## ACTION ITEM
Repeat the data exactly. Pictures are not part of the copy.

··· EXERCISE INPUT ···

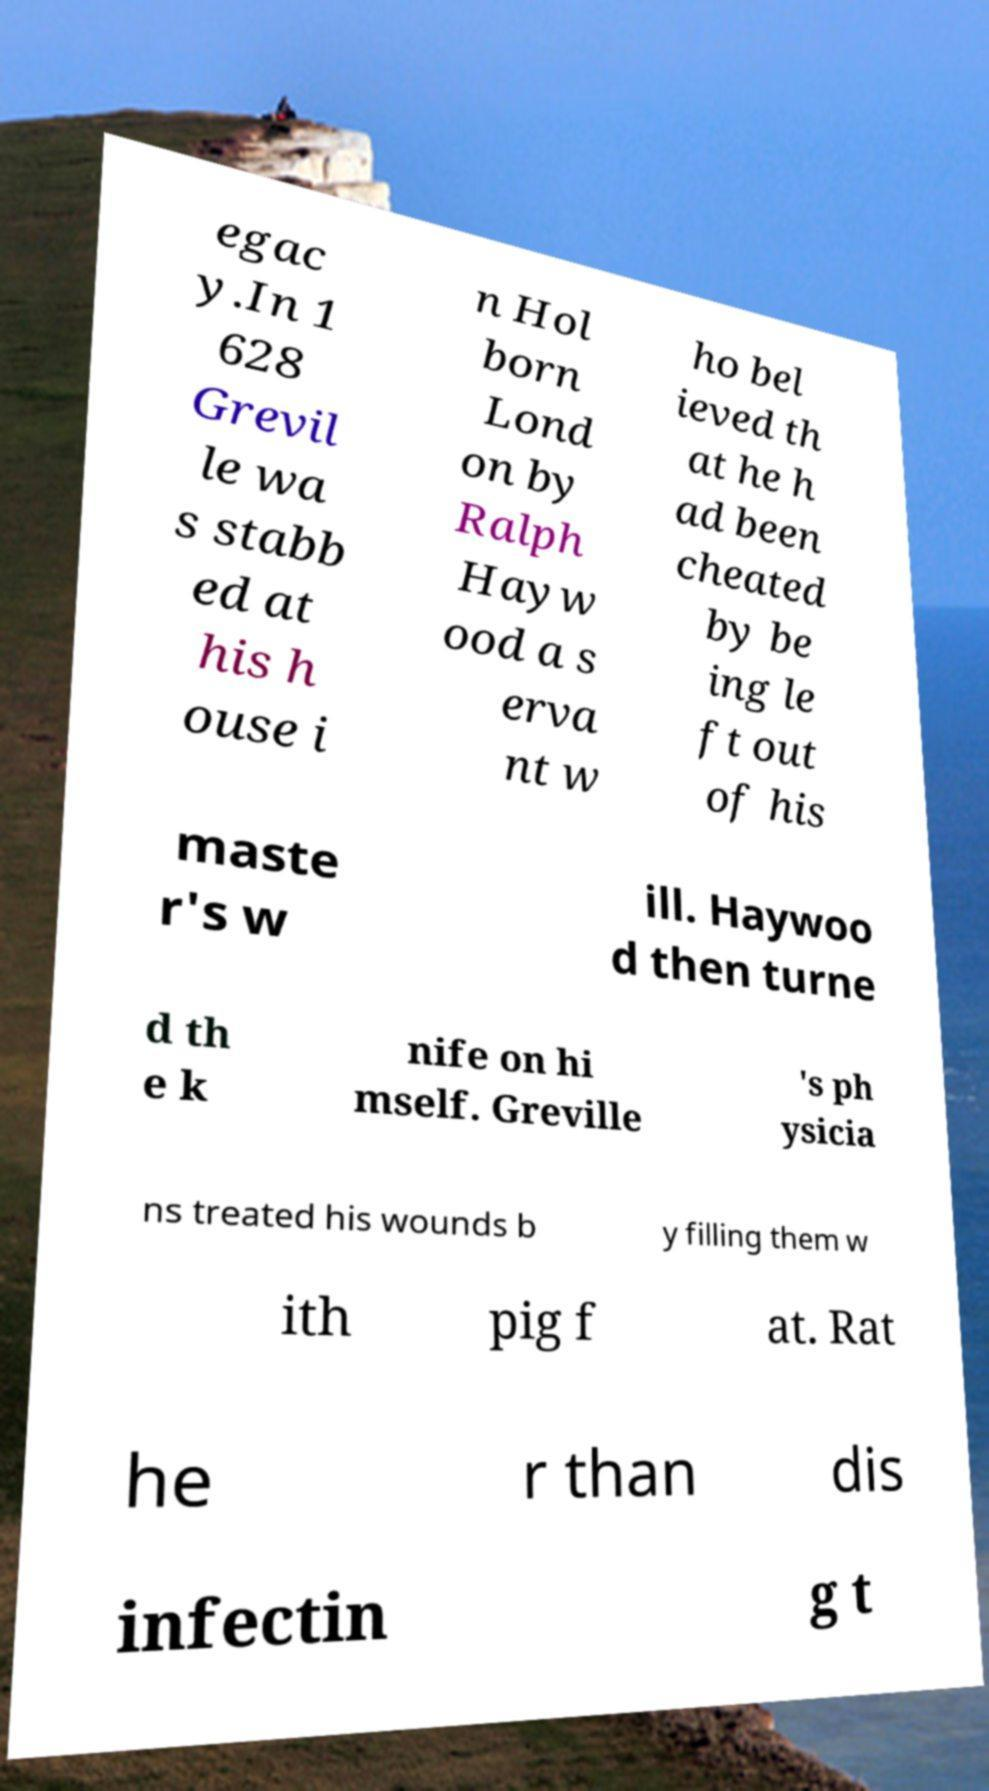What messages or text are displayed in this image? I need them in a readable, typed format. egac y.In 1 628 Grevil le wa s stabb ed at his h ouse i n Hol born Lond on by Ralph Hayw ood a s erva nt w ho bel ieved th at he h ad been cheated by be ing le ft out of his maste r's w ill. Haywoo d then turne d th e k nife on hi mself. Greville 's ph ysicia ns treated his wounds b y filling them w ith pig f at. Rat he r than dis infectin g t 
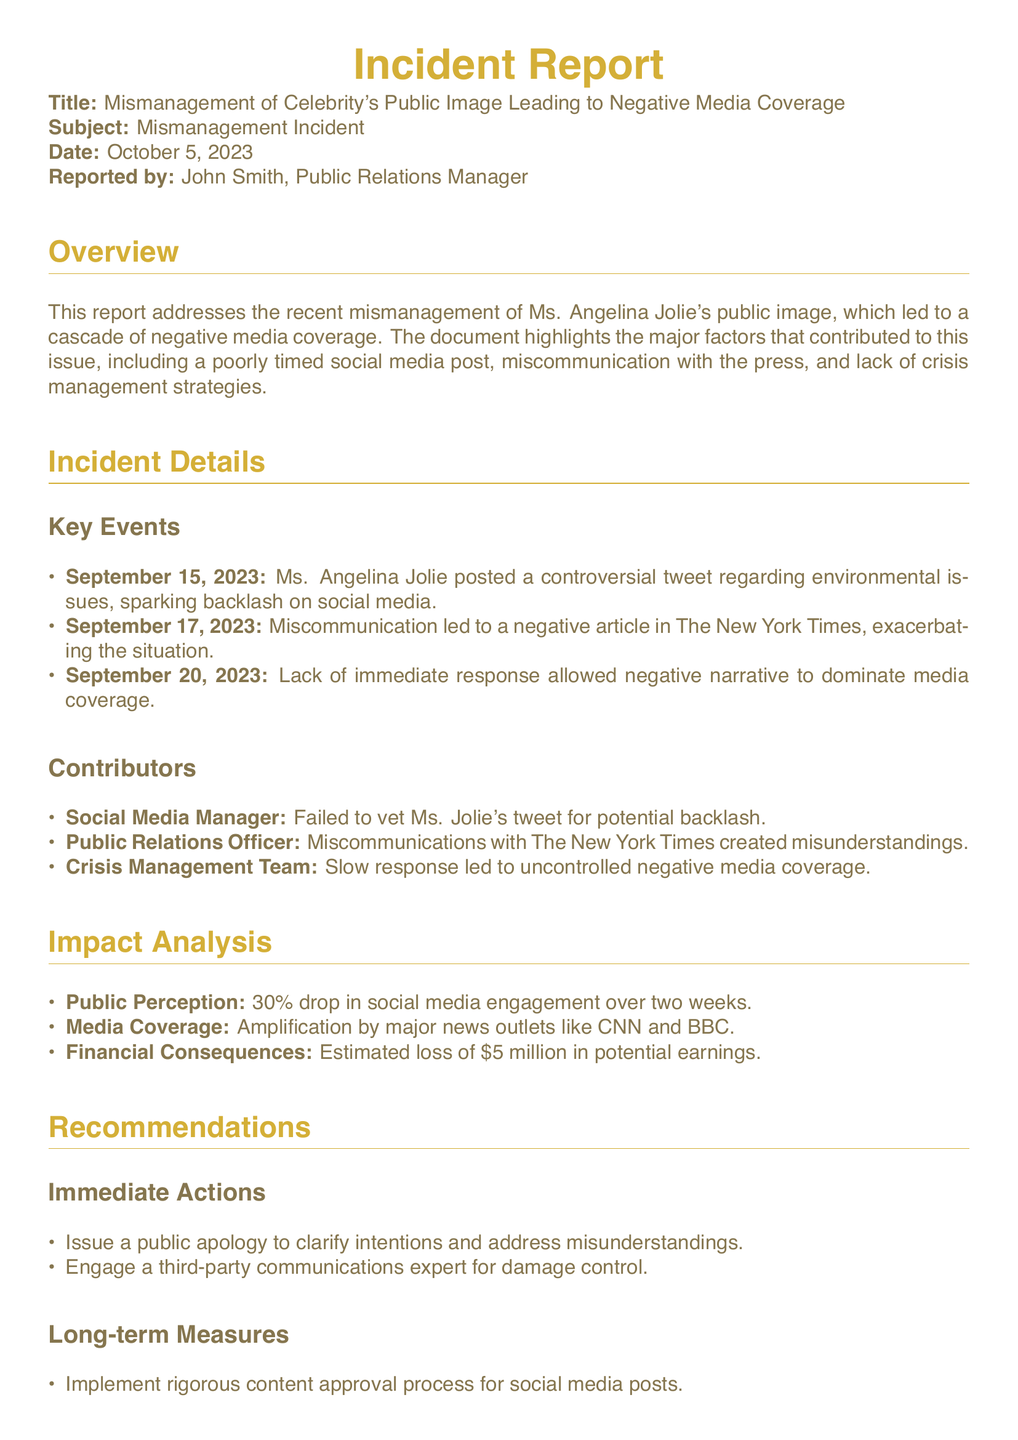What was the date of the reported incident? The report states the date of the incident as October 5, 2023.
Answer: October 5, 2023 Who reported the incident? The document indicates that John Smith, the Public Relations Manager, reported the incident.
Answer: John Smith What triggered the negative media coverage? The incident report indicates that a controversial tweet regarding environmental issues triggered the negative media coverage.
Answer: Controversial tweet How much was the estimated loss in potential earnings? The report specifies the estimated financial consequences as a loss of $5 million.
Answer: $5 million What percentage drop was observed in social media engagement? It is stated in the impact analysis that there was a 30% drop in social media engagement.
Answer: 30% What major news outlets amplified the media coverage? The incident report mentions CNN and BBC as major news outlets that amplified the media coverage.
Answer: CNN and BBC Which team member failed to vet the tweet? The social media manager is identified as the team member who failed to vet Ms. Jolie's tweet.
Answer: Social Media Manager What immediate action is recommended in the report? The report recommends issuing a public apology to clarify intentions.
Answer: Public apology What long-term measure is suggested for social media posts? The report suggests implementing a rigorous content approval process for social media posts.
Answer: Content approval process

···

## ANSWER BOX
What messages or text are displayed in this image? I need them in a readable, typed format. egac y.In 1 628 Grevil le wa s stabb ed at his h ouse i n Hol born Lond on by Ralph Hayw ood a s erva nt w ho bel ieved th at he h ad been cheated by be ing le ft out of his maste r's w ill. Haywoo d then turne d th e k nife on hi mself. Greville 's ph ysicia ns treated his wounds b y filling them w ith pig f at. Rat he r than dis infectin g t 
What was the date of the reported incident? The report states the date of the incident as October 5, 2023.
Answer: October 5, 2023 Who reported the incident? The document indicates that John Smith, the Public Relations Manager, reported the incident.
Answer: John Smith What triggered the negative media coverage? The incident report indicates that a controversial tweet regarding environmental issues triggered the negative media coverage.
Answer: Controversial tweet How much was the estimated loss in potential earnings? The report specifies the estimated financial consequences as a loss of $5 million.
Answer: $5 million What percentage drop was observed in social media engagement? It is stated in the impact analysis that there was a 30% drop in social media engagement.
Answer: 30% What major news outlets amplified the media coverage? The incident report mentions CNN and BBC as major news outlets that amplified the media coverage.
Answer: CNN and BBC Which team member failed to vet the tweet? The social media manager is identified as the team member who failed to vet Ms. Jolie's tweet.
Answer: Social Media Manager What immediate action is recommended in the report? The report recommends issuing a public apology to clarify intentions.
Answer: Public apology What long-term measure is suggested for social media posts? The report suggests implementing a rigorous content approval process for social media posts.
Answer: Content approval process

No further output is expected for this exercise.